Como chegar à terra de Gabriela saindo de Salvador?
O Aeroporto Jorge Amado (IOS) fica a menos de 4 km do centro e recebe voos diretos de São Paulo, Belo Horizonte e Salvador. De carro, a cidade está a cerca de 460 km da capital baiana pela BR-101. A vizinha Itacaré fica a 70 km pela BA-001, permitindo combinar os dois destinos numa mesma viagem.

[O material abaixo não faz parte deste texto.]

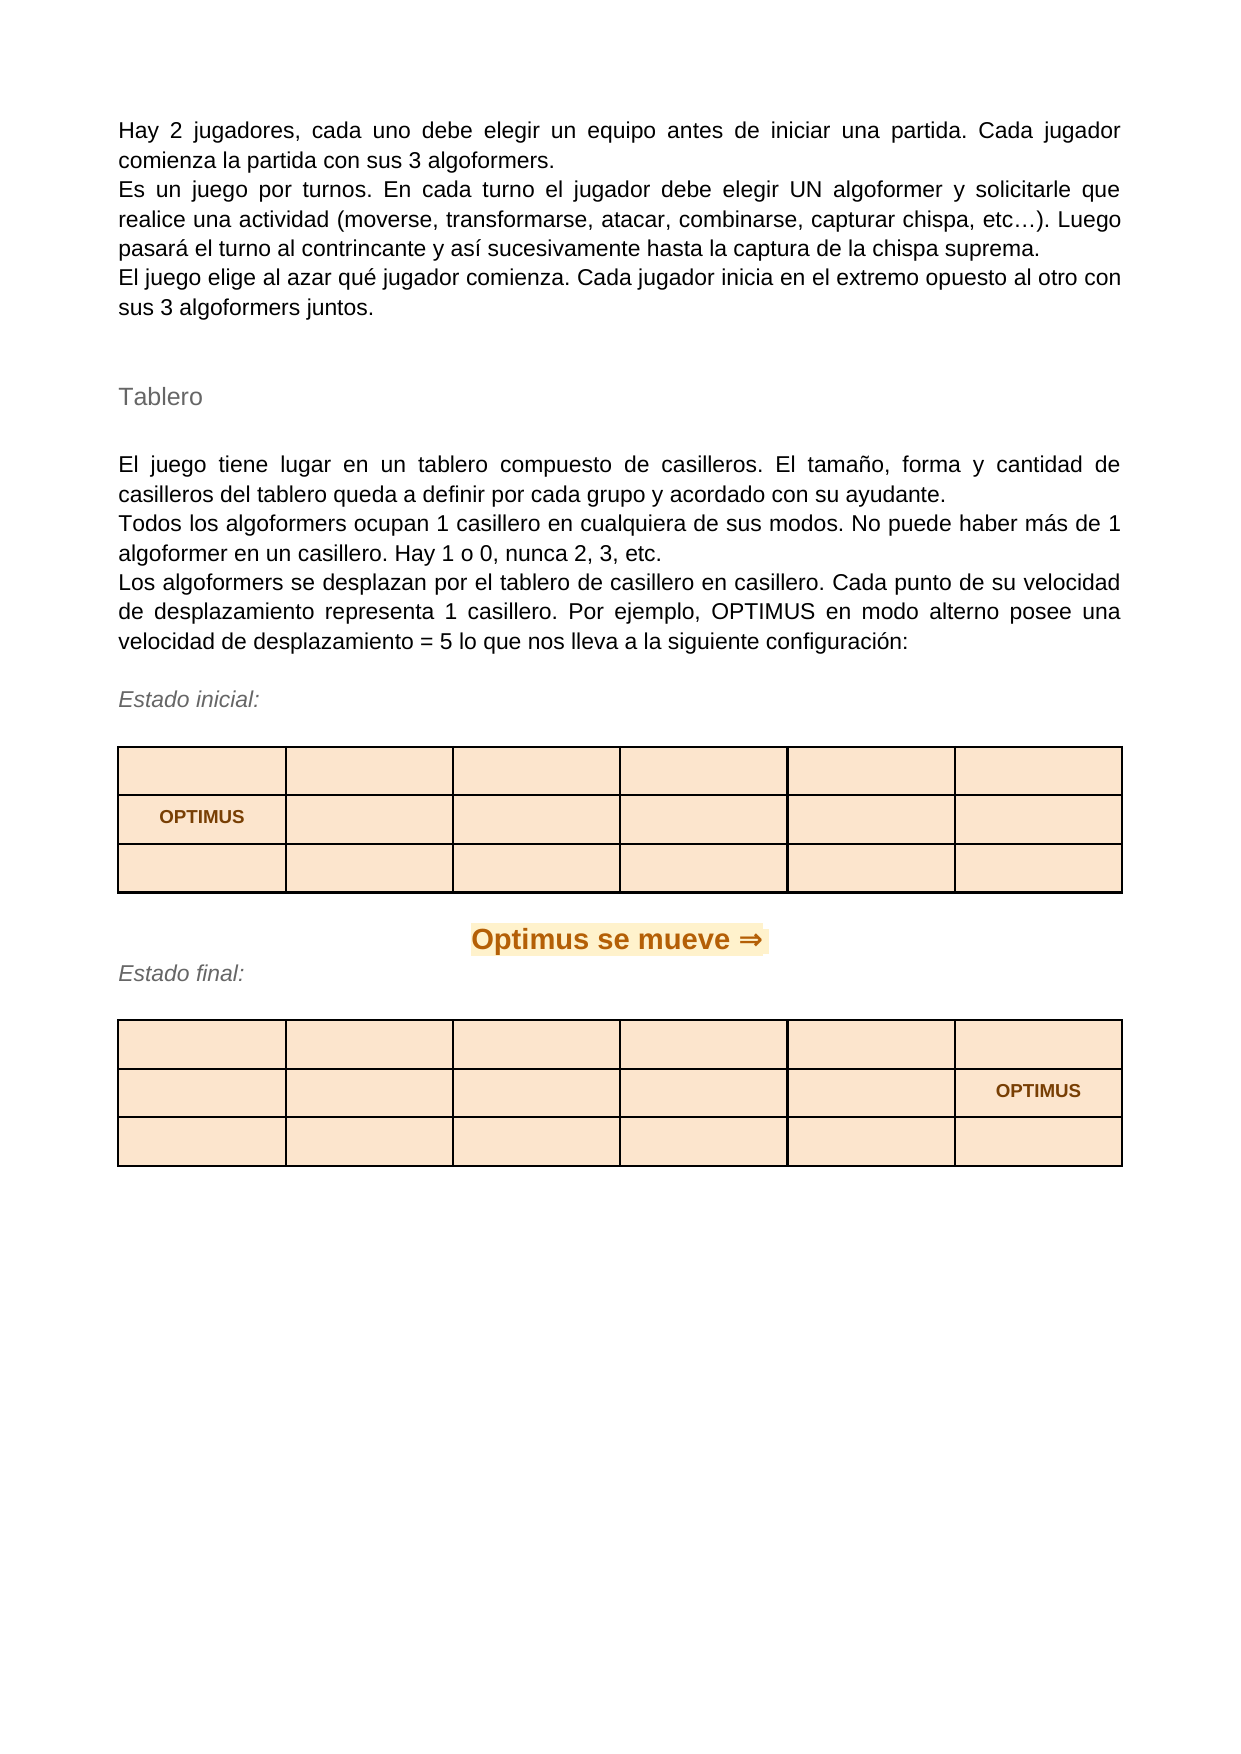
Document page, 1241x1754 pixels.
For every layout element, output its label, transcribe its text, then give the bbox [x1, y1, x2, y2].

text Es un juego por turnos. En cada turno el jugador debe elegir UN algoformer y solicitarle que realice una actividad (moverse, transformarse, atacar, combinarse, capturar chispa, etc…). Luego pasará el turno al contrincante y así sucesivamente hasta la captura de la chispa suprema. [118, 177, 1122, 261]
subtitle Tablero [118, 382, 1122, 410]
text El juego elige al azar qué jugador comienza. Cada jugador inicia en el extremo opuesto al otro con sus 3 algoformers juntos. [118, 265, 1122, 320]
table_cell [956, 796, 1121, 843]
text Estado inicial: [118, 687, 1122, 713]
table_cell [621, 1070, 786, 1116]
table_cell [789, 1118, 954, 1165]
table_header [287, 1021, 452, 1068]
table_cell [621, 796, 786, 843]
table_cell [287, 845, 452, 891]
text Todos los algoformers ocupan 1 casillero en cualquiera de sus modos. No puede haber más de 1 algoformer en un casillero. Hay 1 o 0, nunca 2, 3, etc. [118, 511, 1122, 566]
table_cell [454, 1070, 619, 1116]
table_header [956, 1021, 1121, 1068]
table_header [119, 1021, 285, 1068]
table_cell [287, 796, 452, 843]
table_header [621, 1021, 786, 1068]
table_cell OPTIMUS [956, 1070, 1121, 1116]
text Optimus se mueve ⇒ [118, 923, 1122, 956]
table_cell OPTIMUS [119, 796, 285, 843]
table_cell [119, 845, 285, 891]
table_header [956, 748, 1121, 794]
table_header [621, 748, 786, 794]
table_cell [119, 1070, 285, 1116]
table_cell [789, 1070, 954, 1116]
table_cell [789, 796, 954, 843]
table_cell [119, 1118, 285, 1165]
table_header [454, 748, 619, 794]
text El juego tiene lugar en un tablero compuesto de casilleros. El tamaño, forma y cantidad de casilleros del tablero queda a definir por cada grupo y acordado con su ayudante. [118, 452, 1122, 507]
table_header [119, 748, 285, 794]
text Hay 2 jugadores, cada uno debe elegir un equipo antes de iniciar una partida. Cada jugador comienza la partida con sus 3 algoformers. [118, 118, 1122, 173]
table_header [789, 1021, 954, 1068]
text Estado final: [118, 960, 1122, 986]
table_header [287, 748, 452, 794]
table_header [454, 1021, 619, 1068]
table_cell [789, 845, 954, 891]
table_cell [454, 845, 619, 891]
text Los algoformers se desplazan por el tablero de casillero en casillero. Cada punto de su velocidad de desplazamiento representa 1 casillero. Por ejemplo, OPTIMUS en modo alterno posee una velocidad de desplazamiento = 5 lo que nos lleva a la siguiente configuración: [118, 569, 1122, 654]
table_cell [287, 1118, 452, 1165]
table_header [789, 748, 954, 794]
table_cell [956, 1118, 1121, 1165]
table_cell [454, 1118, 619, 1165]
table_cell [956, 845, 1121, 891]
table_cell [621, 845, 786, 891]
table_cell [621, 1118, 786, 1165]
table_cell [287, 1070, 452, 1116]
table_cell [454, 796, 619, 843]
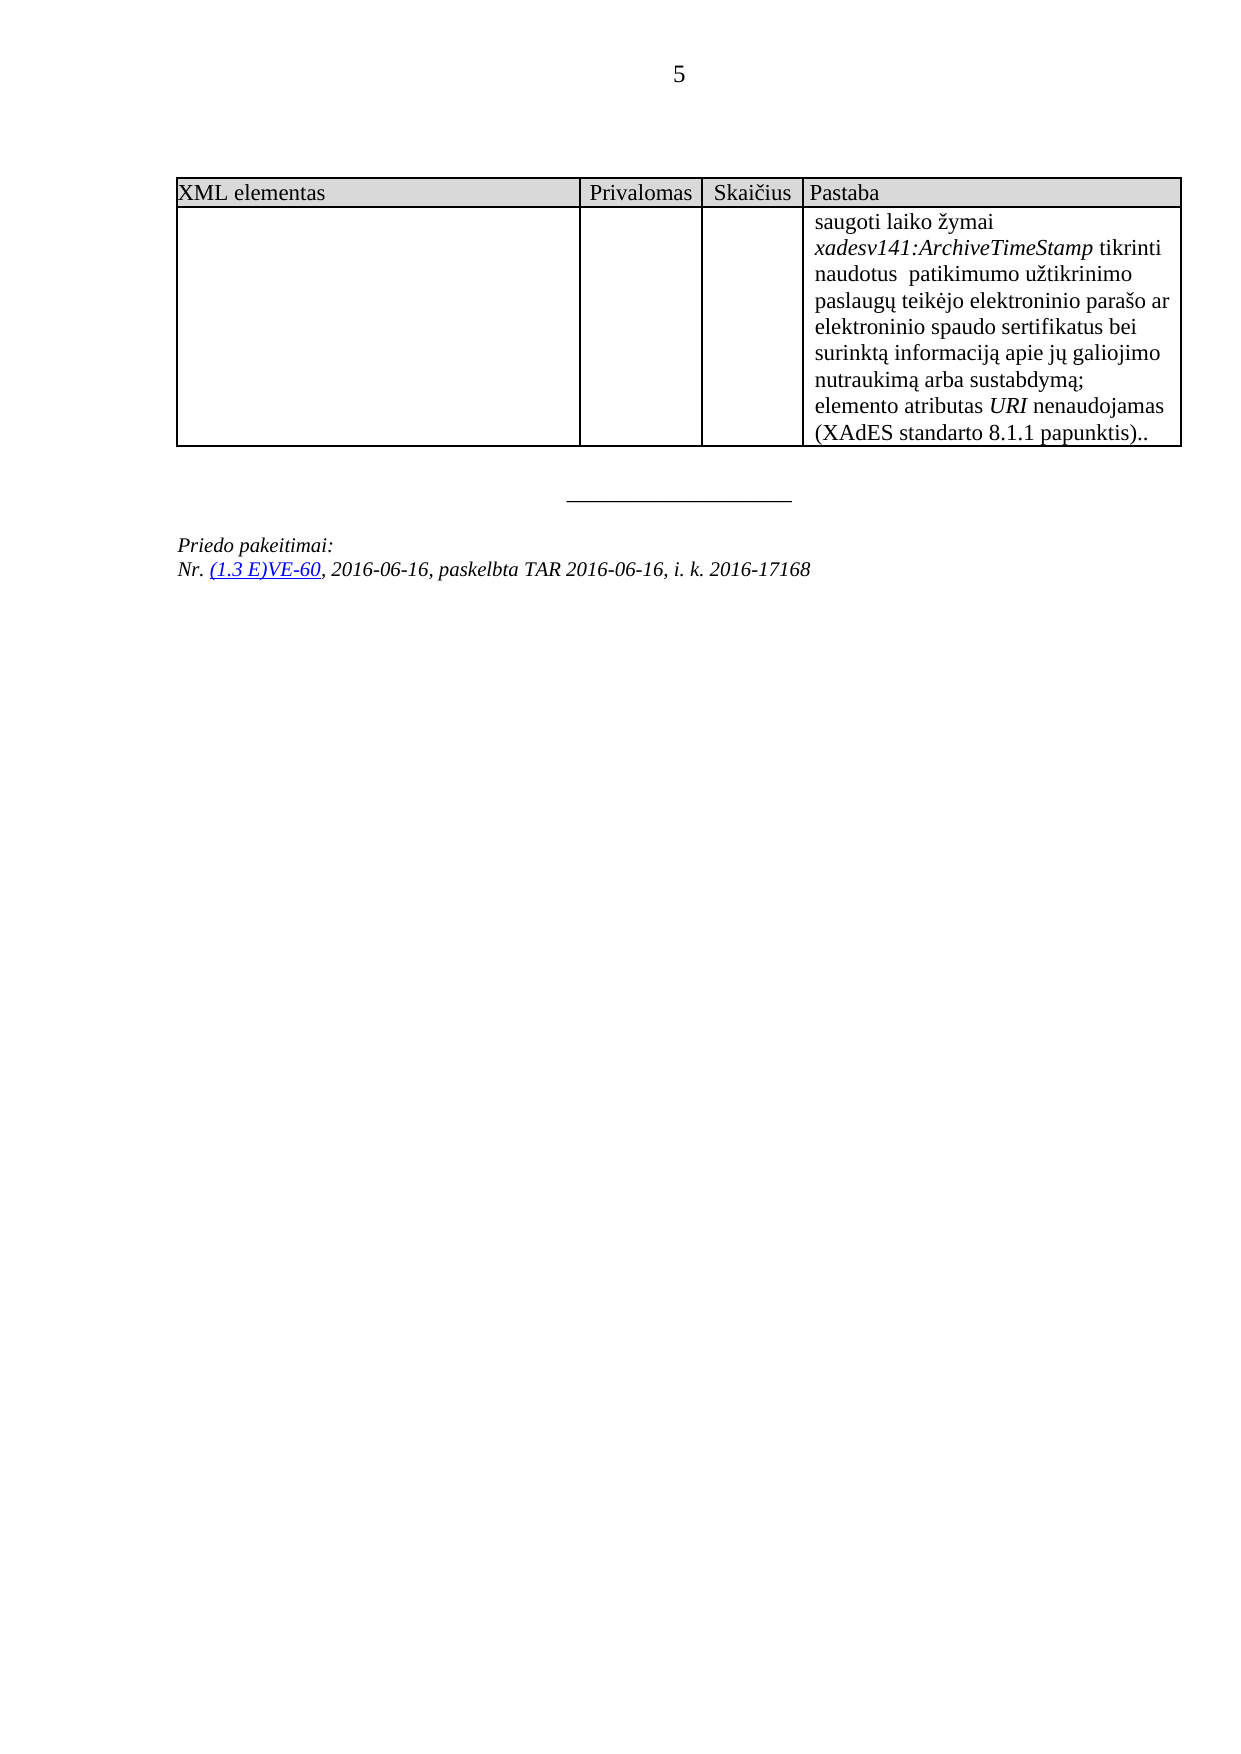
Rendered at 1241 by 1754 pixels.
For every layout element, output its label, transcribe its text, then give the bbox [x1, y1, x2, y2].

text Nr. (1.3 E)VE-60, 2016-06-16, paskelbta TAR 2016-06-16, i. k. 2016-17168 [177, 557, 1181, 581]
table_cell saugoti laiko žymai xadesv141:ArchiveTimeStamp tikrinti naudotus patikimumo užtikrinimo paslaugų teikėjo elektroninio parašo ar elektroninio spaudo sertifikatus bei surinktą informaciją apie jų galiojimo nutraukimą arba sustabdymą; elemento atributas URI nenaudojamas (XAdES standarto 8.1.1 papunktis).. [804, 208, 1180, 445]
table_header Skaičius [703, 179, 802, 206]
text __________________ [177, 476, 1181, 504]
table_header Privalomas [581, 179, 701, 206]
table_cell [581, 208, 701, 445]
text Priedo pakeitimai: [177, 533, 1181, 557]
table_header XML elementas [178, 179, 579, 206]
table_header Pastaba [804, 179, 1180, 206]
table_cell [703, 208, 802, 445]
table_cell [178, 208, 579, 445]

Uma cidade onde a literatura ainda tem cheiro de cravo e canela
Ilhéus é uma das raras cidades onde o cenário de um romance ainda está de pé, e onde o cheiro do cacau nas fazendas históricas mistura passado e presente de forma quase impossível de separar. Praias extensas, gastronomia baiana de raiz e um centro histórico construído pela riqueza do cacau completam um destino que vai além do litoral.
Você precisa conhecer Ilhéus e entender, de dentro, por que Jorge Amado escolheu essas ruas para contar ao mundo a história do Brasil.